Question: if we were to automate this test case in your language of choice, would it always look the same? What if we wanted to verify that the login works for both
Bob the Accountant and
Jenny the Janitor? What are the actual test data? What if you wanted to run tests in two different test environments? What if the test deployment is literally deployed on another machine? What if during the development process the urls change? What if... You get the point. So let's rework our example and put placeholders everywhere:
- Open a
- Enter matching
- Expect to be redirected to a webpage site
We can generate a number of tests just by providing the test data:
Now this is getting us somewhere.
Types of test data
"But Adam, most of these data don't ever change!" I hear you yell from the back of the class. Well, you're right, and you're wrong. This example contains actually 3 different types of test data. It is true, that one of them usually does not change as often as the rest of them. Here's a breakdown (remember: we're still language agnostic here - this is true no matter which tool you use to automate tests):
|Variable||Variable type||Type description|
|browser, host||operational data||describe the context in which the tests will be executed: which environment, which [proxy], what browser, what locale, etc.|
|login-page-url, main-site-url, username-field, password-field, login-button||structural data||describe the structure of application, usually used to describe User Interfaces|
|valid-username, valid-password||actual test data||describe the data that actually differs on case-to-case basis. This is what you think differentiates specific test cases and groups SUT (system under test) behaviours|
If you think about it, those types of test data also originate in different places:
|operational||non-functional requirements, like compatibility matrix, or browser usage statistics; additionally: CI configuration|
|structural||application code conventions, configuration or code directly|
|actual test data||test case design process|
There are many ways to implement this in practice. The most straightforward, and least flexible one is of course to hard-code everything and ignore the fact that the highlighted terms are variables (ie. they may vary from test run to test run). This works, but you'll soon hit maintenance bottleneck - you'll be spending time on running search and replace over your automation code, instead of focusing on automating new tests.

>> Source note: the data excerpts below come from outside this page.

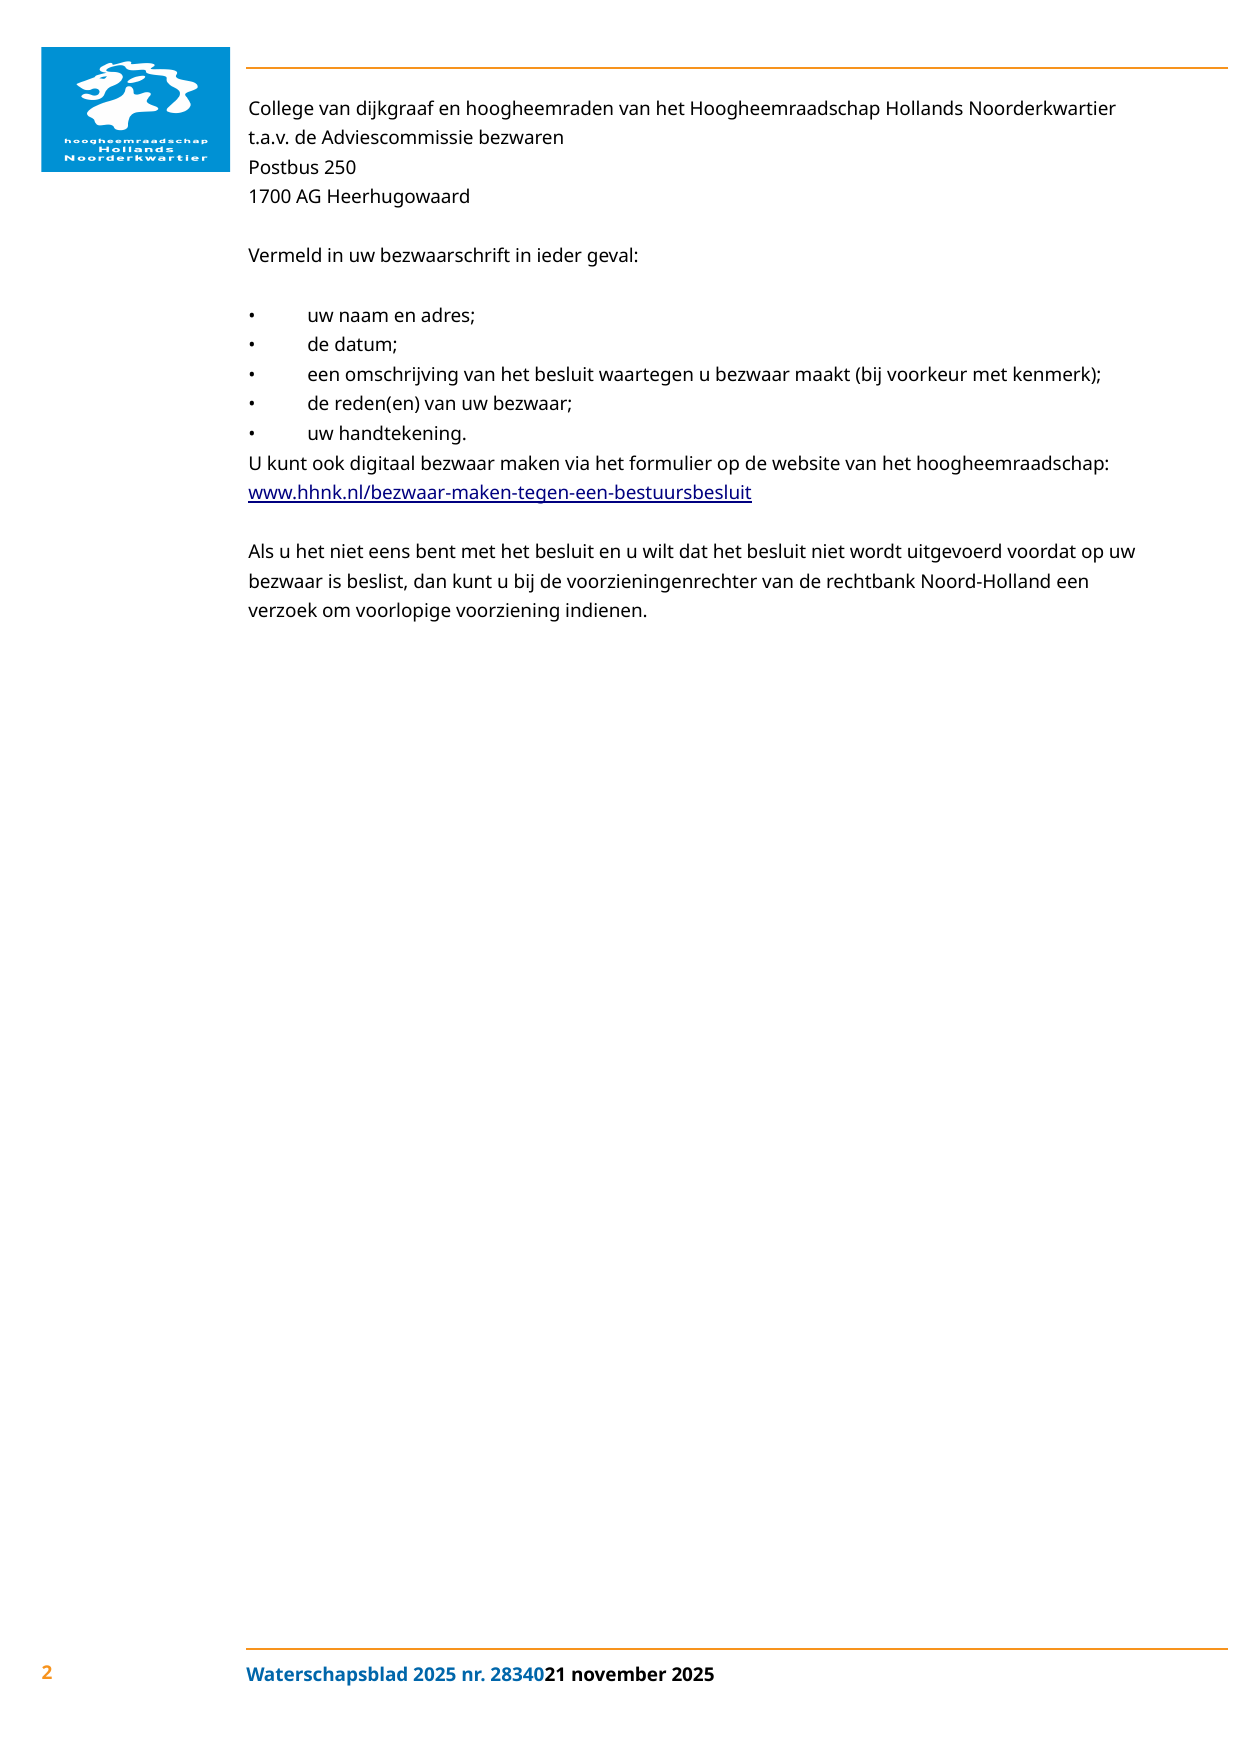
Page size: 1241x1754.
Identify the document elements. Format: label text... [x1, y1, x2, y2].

text Als u het niet eens bent met het besluit en u wilt dat het besluit niet wordt uitgevoerd voordat op uw bezwaar is beslist, dan kunt u bij de voorzieningenrechter van de rechtbank Noord-Holland een verzoek om voorlopige voorziening indienen. [248, 538, 1152, 623]
list uw naam en adres; [248, 302, 1152, 328]
list de datum; [248, 331, 1152, 357]
list uw handtekening. [248, 420, 1152, 446]
text 1700 AG Heerhugowaard [248, 183, 1152, 209]
text t.a.v. de Adviescommissie bezwaren [248, 124, 1152, 150]
text U kunt ook digitaal bezwaar maken via het formulier op de website van het hoogheemraadschap: www.hhnk.nl/bezwaar-maken-tegen-een-bestuursbesluit [248, 450, 1152, 505]
picture [129, 76, 144, 82]
text Postbus 250 [248, 154, 1152, 180]
text Vermeld in uw bezwaarschrift in ieder geval: [248, 243, 1152, 268]
text College van dijkgraaf en hoogheemraden van het Hoogheemraadschap Hollands Noorderkwartier [248, 95, 1152, 121]
picture [118, 62, 197, 112]
list een omschrijving van het besluit waartegen u bezwaar maakt (bij voorkeur met kenmerk); [248, 361, 1152, 387]
list de reden(en) van uw bezwaar; [248, 391, 1152, 416]
picture [78, 64, 122, 99]
picture [88, 87, 157, 130]
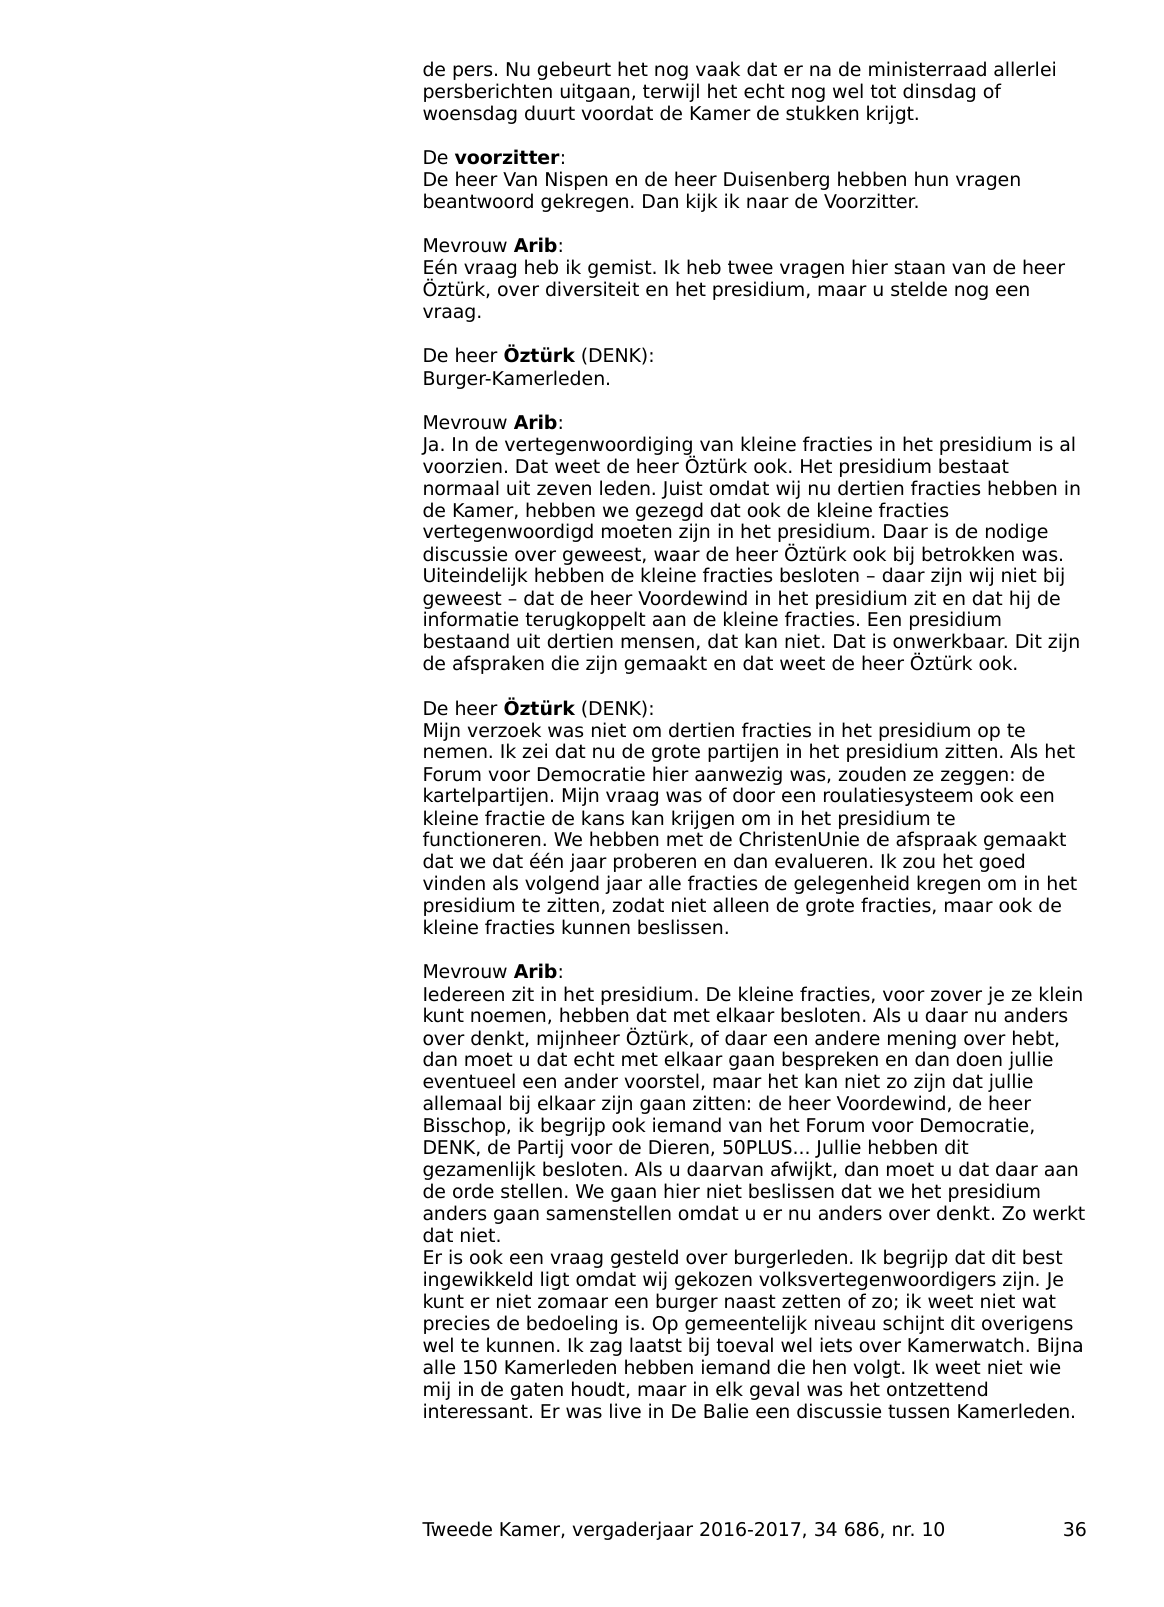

Or you could do yourself a solid, and use proper code design to facilitate future requirements changes. It’s not premature optimisation, it’s engineering.
How would this look in terms of solutions used at a code level? Let's take some automation solutions and compare:
|Variable type||xUnit||Mocha||Robot Framework|
|operational||project properties||Environment variables||Environment variables or Variable file|
|structural||Page Object Model||Page Object Model||Variable file|
|actual test data||Parameter provider object (ie. Using custom runner that supports parameterization||Custom parameterizer, or iteration||test data file|
Alternative ways of designing test cases
OK, not everyone uses a test design process in an explicit way, but there are other ways to create test cases. Like - specification by example. It is a great method, that allows you to clarify the requirements at their most critical lifecycle phase: early on. But what do you actually get out of specification by example? You get a set of test cases with some variables filled in. You still have to put in effort into translating it into a maintainable piece of code. Even if your examples contain hard-coded data, it pays off to analyse that data (and/or parameters of execution) and split them up into corresponding categories. Being aware of the categories of test data can only make this job easier.